> Task objective: Check each line of the listing for the string "fill". Copy those where it appears.

-- Opening Marker --

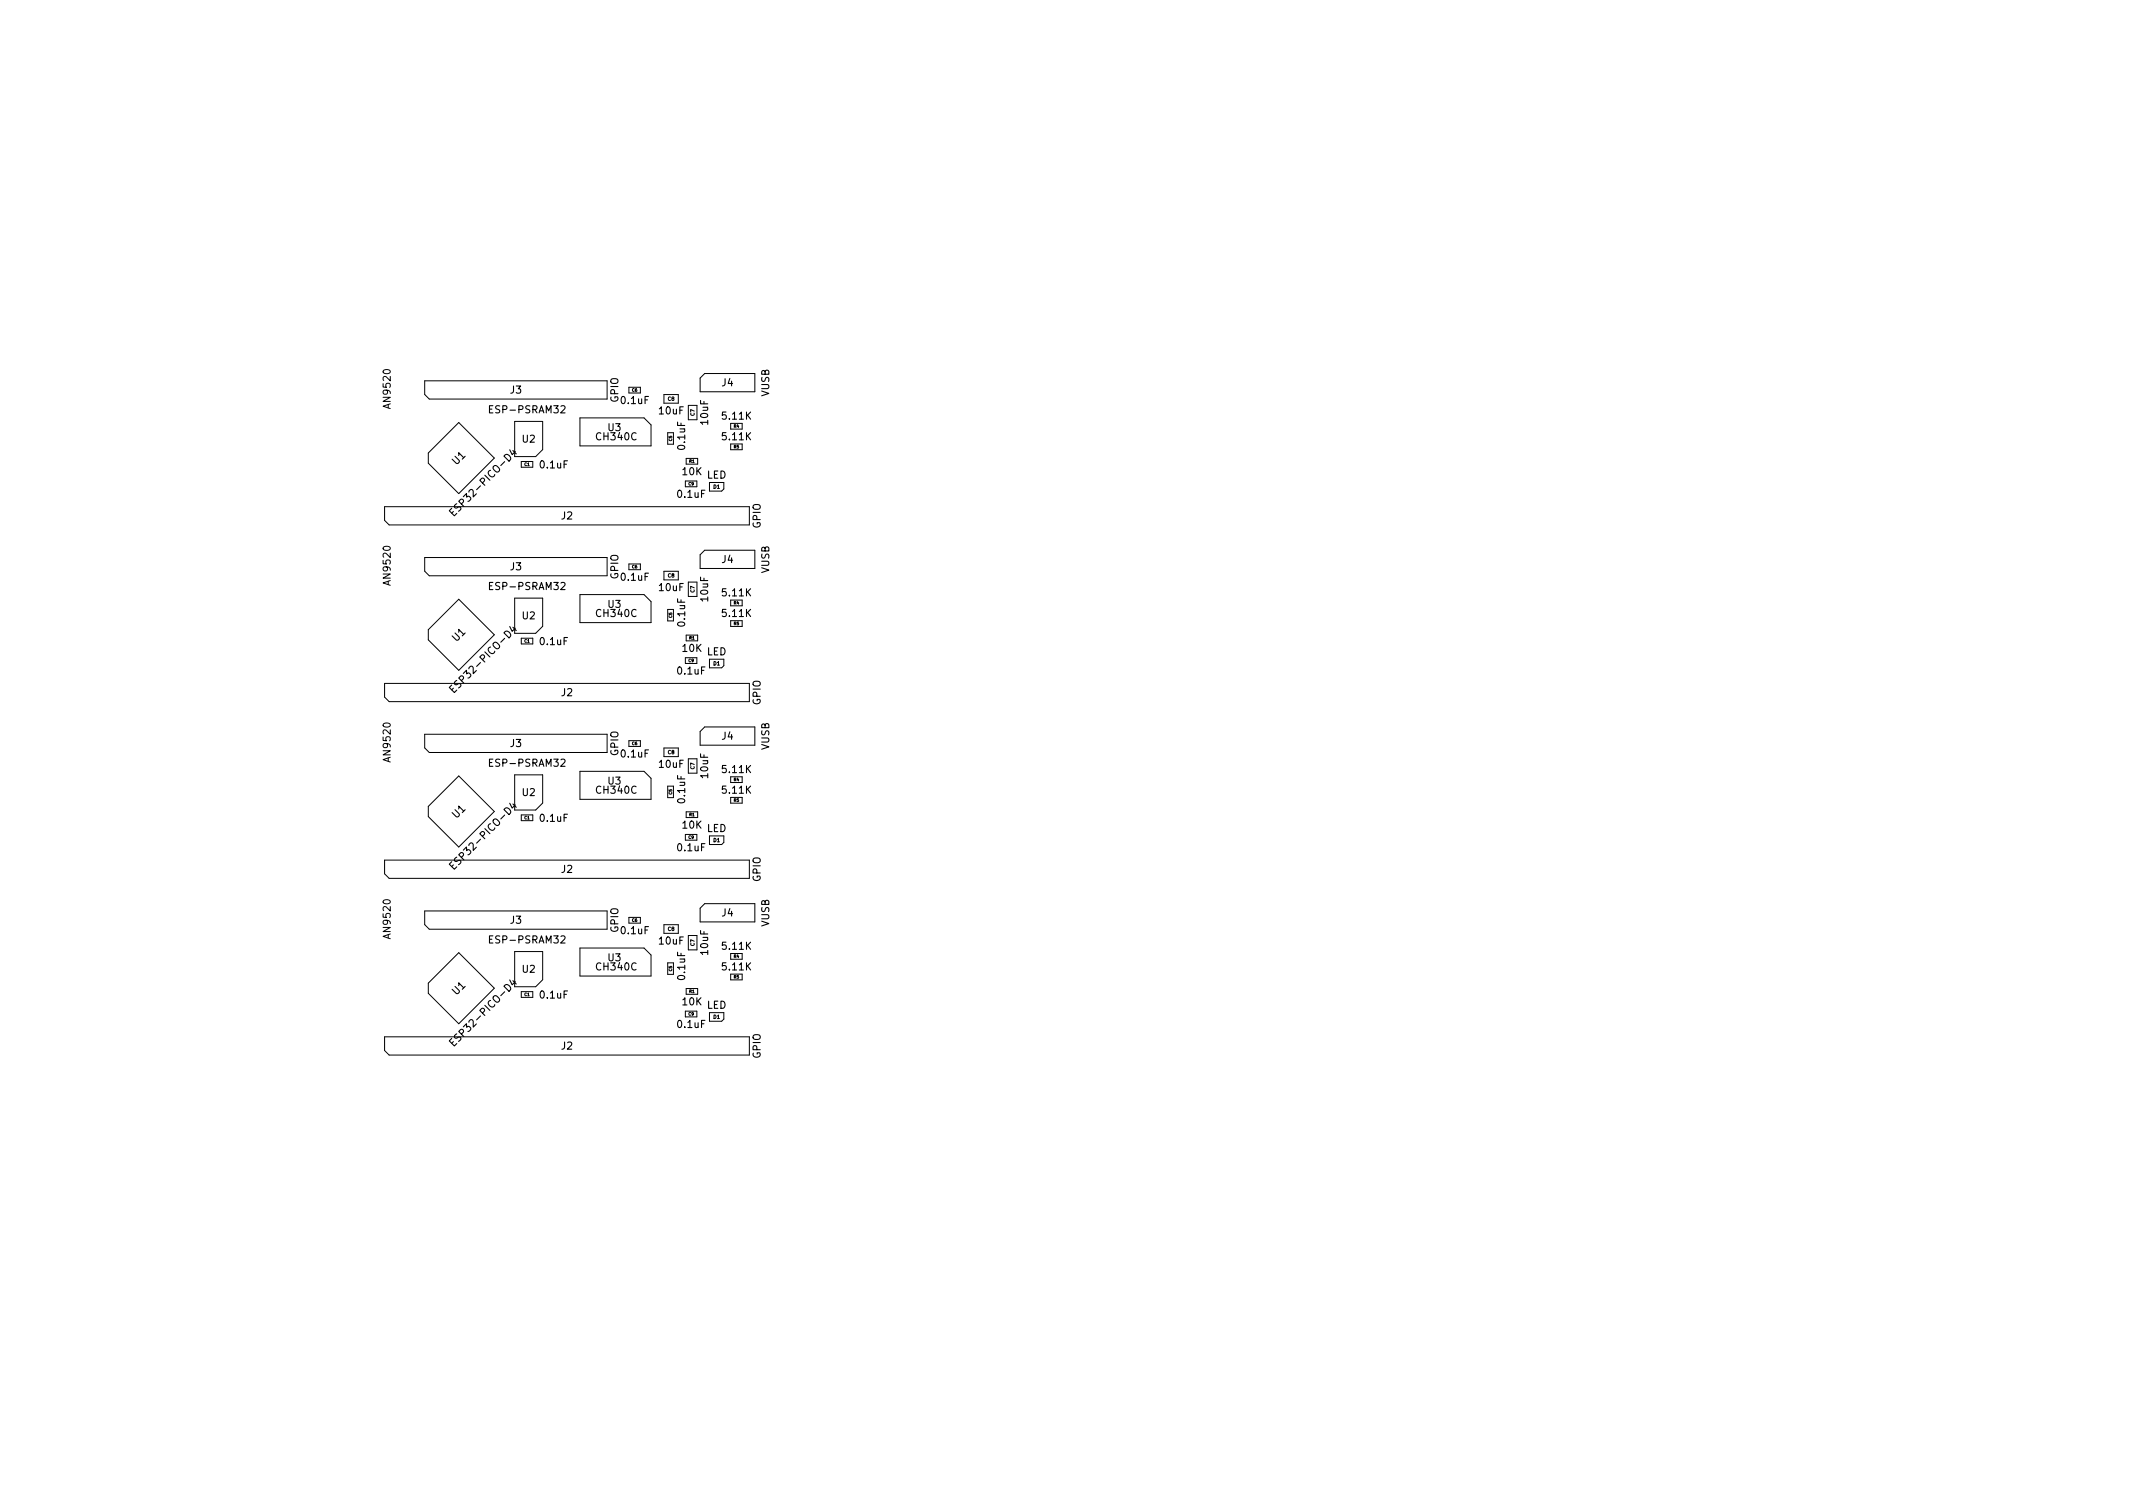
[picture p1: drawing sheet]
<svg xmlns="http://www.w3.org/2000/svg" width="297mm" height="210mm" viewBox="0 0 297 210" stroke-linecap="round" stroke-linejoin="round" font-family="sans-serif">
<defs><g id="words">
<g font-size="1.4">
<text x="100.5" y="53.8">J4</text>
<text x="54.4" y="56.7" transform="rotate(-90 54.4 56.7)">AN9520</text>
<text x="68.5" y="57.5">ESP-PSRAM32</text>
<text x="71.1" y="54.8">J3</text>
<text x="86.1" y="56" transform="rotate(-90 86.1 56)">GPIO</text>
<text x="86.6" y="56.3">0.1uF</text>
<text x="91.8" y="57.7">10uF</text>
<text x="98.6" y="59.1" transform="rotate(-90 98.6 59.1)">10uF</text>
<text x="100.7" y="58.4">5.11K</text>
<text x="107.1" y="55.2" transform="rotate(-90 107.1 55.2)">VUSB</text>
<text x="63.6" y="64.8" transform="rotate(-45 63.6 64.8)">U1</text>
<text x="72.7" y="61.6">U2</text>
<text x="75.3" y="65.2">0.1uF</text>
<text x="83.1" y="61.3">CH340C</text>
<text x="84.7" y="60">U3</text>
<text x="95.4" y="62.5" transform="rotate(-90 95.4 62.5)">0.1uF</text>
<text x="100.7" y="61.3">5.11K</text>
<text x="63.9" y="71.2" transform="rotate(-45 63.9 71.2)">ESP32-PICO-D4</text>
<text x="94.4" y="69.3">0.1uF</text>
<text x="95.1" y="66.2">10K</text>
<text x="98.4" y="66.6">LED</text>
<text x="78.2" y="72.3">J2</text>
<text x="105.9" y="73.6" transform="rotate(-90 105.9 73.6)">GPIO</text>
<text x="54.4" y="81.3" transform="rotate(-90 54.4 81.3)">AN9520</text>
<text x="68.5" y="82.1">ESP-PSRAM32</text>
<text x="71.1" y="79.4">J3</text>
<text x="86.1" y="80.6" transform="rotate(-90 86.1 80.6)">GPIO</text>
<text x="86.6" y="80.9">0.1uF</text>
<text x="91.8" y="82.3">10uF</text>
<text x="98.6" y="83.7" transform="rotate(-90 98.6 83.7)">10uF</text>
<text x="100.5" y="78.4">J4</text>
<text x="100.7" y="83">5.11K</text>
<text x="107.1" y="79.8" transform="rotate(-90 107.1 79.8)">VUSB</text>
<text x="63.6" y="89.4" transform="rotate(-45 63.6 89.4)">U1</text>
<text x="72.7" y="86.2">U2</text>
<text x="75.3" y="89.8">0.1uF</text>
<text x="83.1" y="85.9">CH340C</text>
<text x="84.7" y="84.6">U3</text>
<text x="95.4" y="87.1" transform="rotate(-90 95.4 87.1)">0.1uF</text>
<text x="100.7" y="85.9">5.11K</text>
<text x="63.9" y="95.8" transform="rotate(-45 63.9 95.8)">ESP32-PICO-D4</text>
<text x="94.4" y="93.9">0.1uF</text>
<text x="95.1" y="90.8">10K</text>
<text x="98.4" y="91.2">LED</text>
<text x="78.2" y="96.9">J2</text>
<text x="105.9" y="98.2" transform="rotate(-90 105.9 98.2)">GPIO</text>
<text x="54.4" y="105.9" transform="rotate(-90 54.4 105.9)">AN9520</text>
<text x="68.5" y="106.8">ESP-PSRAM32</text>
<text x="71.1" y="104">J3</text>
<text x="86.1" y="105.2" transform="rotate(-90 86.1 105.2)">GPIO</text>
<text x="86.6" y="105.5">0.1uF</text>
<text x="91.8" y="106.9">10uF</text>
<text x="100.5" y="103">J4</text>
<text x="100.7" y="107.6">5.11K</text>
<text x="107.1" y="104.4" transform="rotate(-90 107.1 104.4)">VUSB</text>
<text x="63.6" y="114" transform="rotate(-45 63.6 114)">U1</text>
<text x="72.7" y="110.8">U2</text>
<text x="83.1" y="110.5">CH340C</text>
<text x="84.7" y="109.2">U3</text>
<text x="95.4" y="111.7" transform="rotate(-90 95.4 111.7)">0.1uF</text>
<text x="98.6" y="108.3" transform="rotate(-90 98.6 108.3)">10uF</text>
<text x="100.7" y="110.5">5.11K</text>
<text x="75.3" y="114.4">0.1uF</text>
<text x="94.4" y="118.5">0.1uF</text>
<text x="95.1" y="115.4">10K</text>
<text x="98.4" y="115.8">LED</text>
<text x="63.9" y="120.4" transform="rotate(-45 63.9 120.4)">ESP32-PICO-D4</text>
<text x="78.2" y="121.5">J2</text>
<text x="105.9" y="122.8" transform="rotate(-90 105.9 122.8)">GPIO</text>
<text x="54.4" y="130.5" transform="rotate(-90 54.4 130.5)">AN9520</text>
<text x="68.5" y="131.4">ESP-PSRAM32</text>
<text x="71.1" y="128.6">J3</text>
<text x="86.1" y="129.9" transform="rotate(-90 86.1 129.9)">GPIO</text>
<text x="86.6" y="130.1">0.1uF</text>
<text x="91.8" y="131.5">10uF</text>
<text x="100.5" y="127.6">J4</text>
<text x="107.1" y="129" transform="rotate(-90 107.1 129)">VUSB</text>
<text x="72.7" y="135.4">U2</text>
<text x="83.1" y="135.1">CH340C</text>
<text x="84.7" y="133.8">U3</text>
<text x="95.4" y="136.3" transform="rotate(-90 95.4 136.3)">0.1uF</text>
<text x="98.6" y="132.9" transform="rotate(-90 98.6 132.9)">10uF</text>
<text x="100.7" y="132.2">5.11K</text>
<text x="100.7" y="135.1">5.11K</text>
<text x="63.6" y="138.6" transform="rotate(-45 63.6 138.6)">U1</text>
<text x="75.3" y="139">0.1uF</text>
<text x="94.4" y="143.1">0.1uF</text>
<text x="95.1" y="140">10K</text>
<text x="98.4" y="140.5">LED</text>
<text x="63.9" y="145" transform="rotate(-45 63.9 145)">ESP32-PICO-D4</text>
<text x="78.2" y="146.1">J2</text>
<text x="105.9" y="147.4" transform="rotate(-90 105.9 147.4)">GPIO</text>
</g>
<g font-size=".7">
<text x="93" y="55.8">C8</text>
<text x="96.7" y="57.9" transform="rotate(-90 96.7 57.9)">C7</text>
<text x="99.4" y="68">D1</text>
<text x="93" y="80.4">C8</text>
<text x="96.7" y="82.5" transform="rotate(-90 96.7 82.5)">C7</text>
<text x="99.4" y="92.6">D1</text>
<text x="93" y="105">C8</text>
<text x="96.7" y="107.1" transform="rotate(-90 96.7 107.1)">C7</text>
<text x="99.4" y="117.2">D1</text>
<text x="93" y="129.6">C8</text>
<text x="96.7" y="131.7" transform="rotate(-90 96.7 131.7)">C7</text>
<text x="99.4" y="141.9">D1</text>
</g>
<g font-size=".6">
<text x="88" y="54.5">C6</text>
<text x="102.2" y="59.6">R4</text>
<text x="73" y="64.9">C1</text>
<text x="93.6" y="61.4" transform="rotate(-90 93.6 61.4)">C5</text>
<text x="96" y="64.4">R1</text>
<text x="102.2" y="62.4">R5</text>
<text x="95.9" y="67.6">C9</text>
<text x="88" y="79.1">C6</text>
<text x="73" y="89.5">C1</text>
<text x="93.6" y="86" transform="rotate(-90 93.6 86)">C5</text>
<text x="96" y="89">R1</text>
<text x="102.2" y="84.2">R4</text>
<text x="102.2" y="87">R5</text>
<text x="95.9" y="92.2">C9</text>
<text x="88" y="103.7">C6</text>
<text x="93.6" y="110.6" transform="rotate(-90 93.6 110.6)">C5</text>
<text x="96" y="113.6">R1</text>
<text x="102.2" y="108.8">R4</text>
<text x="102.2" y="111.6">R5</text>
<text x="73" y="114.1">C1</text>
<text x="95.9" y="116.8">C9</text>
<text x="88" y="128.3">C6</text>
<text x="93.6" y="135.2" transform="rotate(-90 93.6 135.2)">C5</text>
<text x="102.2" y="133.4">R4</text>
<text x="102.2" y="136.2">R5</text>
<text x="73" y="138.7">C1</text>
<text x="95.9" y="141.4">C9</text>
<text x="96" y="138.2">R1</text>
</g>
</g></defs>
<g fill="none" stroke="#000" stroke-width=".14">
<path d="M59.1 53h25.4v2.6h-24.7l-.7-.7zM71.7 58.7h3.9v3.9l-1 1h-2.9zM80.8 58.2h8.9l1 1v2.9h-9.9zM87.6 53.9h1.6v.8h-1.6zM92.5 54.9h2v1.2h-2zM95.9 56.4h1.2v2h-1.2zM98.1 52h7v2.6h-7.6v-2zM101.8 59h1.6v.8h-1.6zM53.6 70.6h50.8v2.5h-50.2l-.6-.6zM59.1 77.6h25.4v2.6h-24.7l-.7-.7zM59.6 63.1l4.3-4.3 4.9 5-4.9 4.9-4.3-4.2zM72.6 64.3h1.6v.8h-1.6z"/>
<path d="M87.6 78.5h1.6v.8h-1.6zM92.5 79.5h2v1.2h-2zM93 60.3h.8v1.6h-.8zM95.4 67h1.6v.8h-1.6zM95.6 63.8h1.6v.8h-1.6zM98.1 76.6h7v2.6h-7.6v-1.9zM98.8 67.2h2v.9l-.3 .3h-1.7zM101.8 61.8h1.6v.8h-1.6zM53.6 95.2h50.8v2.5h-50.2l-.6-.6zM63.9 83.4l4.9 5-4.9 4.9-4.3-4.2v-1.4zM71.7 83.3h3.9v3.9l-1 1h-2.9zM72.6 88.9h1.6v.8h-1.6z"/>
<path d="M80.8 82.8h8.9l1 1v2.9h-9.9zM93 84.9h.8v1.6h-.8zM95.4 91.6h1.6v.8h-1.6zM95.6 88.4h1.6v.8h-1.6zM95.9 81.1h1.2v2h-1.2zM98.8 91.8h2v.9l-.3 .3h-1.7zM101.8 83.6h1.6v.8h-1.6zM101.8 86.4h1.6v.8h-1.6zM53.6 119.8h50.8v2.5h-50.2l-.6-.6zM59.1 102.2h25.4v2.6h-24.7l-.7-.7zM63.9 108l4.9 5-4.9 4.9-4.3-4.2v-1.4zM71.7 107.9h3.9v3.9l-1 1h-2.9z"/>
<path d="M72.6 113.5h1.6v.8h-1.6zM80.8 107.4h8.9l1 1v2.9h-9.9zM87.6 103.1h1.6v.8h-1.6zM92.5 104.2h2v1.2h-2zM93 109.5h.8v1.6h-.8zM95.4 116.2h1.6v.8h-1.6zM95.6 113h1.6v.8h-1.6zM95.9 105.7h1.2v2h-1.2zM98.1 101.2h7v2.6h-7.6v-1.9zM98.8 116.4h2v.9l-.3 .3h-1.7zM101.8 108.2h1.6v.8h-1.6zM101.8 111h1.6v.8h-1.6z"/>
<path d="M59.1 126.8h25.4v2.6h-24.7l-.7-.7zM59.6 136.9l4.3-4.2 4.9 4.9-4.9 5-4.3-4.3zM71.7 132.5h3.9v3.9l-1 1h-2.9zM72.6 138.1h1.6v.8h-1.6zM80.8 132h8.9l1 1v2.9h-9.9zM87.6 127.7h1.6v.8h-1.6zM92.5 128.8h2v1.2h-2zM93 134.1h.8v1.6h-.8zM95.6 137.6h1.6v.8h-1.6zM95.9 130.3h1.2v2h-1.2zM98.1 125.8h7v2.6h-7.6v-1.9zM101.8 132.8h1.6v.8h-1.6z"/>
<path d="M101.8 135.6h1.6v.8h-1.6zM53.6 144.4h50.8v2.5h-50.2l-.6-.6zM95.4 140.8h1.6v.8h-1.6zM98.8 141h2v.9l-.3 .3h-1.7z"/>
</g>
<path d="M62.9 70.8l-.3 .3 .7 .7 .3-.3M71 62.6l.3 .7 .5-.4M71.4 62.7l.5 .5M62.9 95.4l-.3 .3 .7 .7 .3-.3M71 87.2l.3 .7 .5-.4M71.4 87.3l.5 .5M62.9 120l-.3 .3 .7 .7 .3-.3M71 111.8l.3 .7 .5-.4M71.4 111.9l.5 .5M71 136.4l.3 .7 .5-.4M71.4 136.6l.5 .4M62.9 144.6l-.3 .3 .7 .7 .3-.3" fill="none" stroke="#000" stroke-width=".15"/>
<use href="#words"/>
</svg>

-- Closing Marker --

> Output:
<g fill="none" stroke="#000" stroke-width=".14">
<path d="M62.9 70.8l-.3 .3 .7 .7 .3-.3M71 62.6l.3 .7 .5-.4M71.4 62.7l.5 .5M62.9 95.4l-.3 .3 .7 .7 .3-.3M71 87.2l.3 .7 .5-.4M71.4 87.3l.5 .5M62.9 120l-.3 .3 .7 .7 .3-.3M71 111.8l.3 .7 .5-.4M71.4 111.9l.5 .5M71 136.4l.3 .7 .5-.4M71.4 136.6l.5 .4M62.9 144.6l-.3 .3 .7 .7 .3-.3" fill="none" stroke="#000" stroke-width=".15"/>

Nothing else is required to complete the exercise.